This discussion is not only related to the work made by Massimo and other 
contributors, but has further implications on how we include new projects in 
OSGeoLive:

So far, Jupyter has been included in the development builds as a natural 
evolution of the IPython project (which was also recently included in 
OSGeoLive), so Jupyter never followed the path to be officially included [1]. 
As we speak (far past the feature freeze date) only the overview doc is 
committed so one could argue in favor of dropping Jupyter from this release 
completely...

Furthermore, as part of the Jupyter setup, a big number [2] [3] of Python 
projects/libraries were also added to OSGeoLive, as soft dependencies to 
support Notebooks, without official review or decision by the community, just 
by following volunteers' vision of what functionality should be demonstrated by 
the Notebooks. Part of this vision was to keep OSGeoLive relevant in terms of 
tools and trends in the open source geospatial world.

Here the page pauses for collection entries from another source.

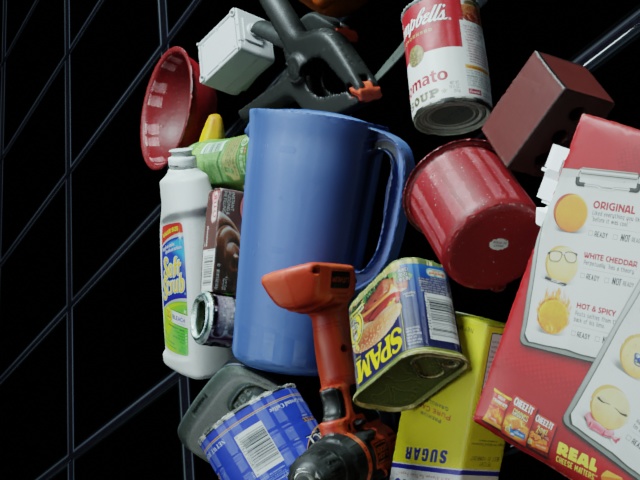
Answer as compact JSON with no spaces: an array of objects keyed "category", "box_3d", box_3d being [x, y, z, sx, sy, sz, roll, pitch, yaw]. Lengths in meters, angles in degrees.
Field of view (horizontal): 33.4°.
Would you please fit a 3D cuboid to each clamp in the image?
[{"category":"clamp","box_3d":[-0.018,-0.167,1.089,0.210,0.036,0.165,37,128,40]},{"category":"clamp","box_3d":[-0.024,-0.206,1.149,0.172,0.039,0.120,-26,77,48]}]

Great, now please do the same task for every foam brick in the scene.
[{"category":"foam brick","box_3d":[0.168,-0.091,0.793,0.078,0.052,0.051,-58,37,32]}]

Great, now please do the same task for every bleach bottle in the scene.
[{"category":"bleach bottle","box_3d":[-0.144,0.023,1.189,0.103,0.068,0.251,15,113,57]}]

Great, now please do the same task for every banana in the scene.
[{"category":"banana","box_3d":[-0.137,-0.051,1.291,0.070,0.037,0.198,146,130,-69]}]

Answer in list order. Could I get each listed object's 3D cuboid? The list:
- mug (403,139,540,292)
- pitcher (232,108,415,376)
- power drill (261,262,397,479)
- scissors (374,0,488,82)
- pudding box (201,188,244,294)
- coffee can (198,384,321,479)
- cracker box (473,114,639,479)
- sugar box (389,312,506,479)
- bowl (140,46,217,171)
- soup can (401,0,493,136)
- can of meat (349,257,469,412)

Now the proposal is to select a subset of Notebooks to present to the community 
in order to get feedback and build a notebook community to support further 
adoption. A natural follow-up question is: should we also select which 
supporting projects will be included? If we drop some of the Notebooks, their 
dependencies should also be dropped, right?

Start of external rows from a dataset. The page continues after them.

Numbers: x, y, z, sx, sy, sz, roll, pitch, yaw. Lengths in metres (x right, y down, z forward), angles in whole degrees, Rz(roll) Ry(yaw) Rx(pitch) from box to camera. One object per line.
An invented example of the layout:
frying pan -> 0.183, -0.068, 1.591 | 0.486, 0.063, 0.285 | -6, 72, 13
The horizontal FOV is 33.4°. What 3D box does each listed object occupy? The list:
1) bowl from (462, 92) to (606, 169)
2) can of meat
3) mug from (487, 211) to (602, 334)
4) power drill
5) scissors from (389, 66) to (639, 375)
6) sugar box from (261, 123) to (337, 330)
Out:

So how do we decide which notebooks/supporting libraries to keep? And how do we 
do that without being disrespectful to all volunteers who contributed their 
time to maintain the Jupyter/Python stack for some months now (including 
hacking notebooks, creating debian packages, mentoring or participating in the 
GSoC project)?

Here is my proposal:
1. Massimo and Brian are named official maintainers of Jupyter, as the only 
actual contributors of Notebooks [4]
2. Jupyter maintainers have to provide all the needed documentation (overview 
and quickstart) ASAP, else Jupyter is dropped from 9.5
3. Jupyter maintainers get to decide which Notebooks to include in the final 
iso.
4. If they disagree, the community votes weather to include all notebooks OR 
drop Jupyter from 9.5 release and re-evaluate for 10.0

Regards,
Angelos

[1] https://wiki.osgeo.org/wiki/Live_GIS_Disc#How_to_add_a_project_to_OSGeoLive 
<https://wiki.osgeo.org/wiki/Live_GIS_Disc#How_to_add_a_project_to_OSGeoLive>
[2] https://github.com/OSGeo/OSGeoLive/blob/master/bin/install_jupyter.sh#L30 
<https://github.com/OSGeo/OSGeoLive/blob/master/bin/install_jupyter.sh#L30>
[3] https://github.com/OSGeo/OSGeoLive/blob/master/bin/install_jupyter.sh#L43 
<https://github.com/OSGeo/OSGeoLive/blob/master/bin/install_jupyter.sh#L43>
[4] https://github.com/OSGeo/OSGeoLive-Notebooks/graphs/contributors 
<https://github.com/OSGeo/OSGeoLive-Notebooks/graphs/contributors>

On 03/08/2016 12:17 AM, Cameron Shorter wrote:
Hi all,
I should clarify my statement below, (as has been to me off list), as it might 
appear that I'm implying a lack of future, or quality of notebooks.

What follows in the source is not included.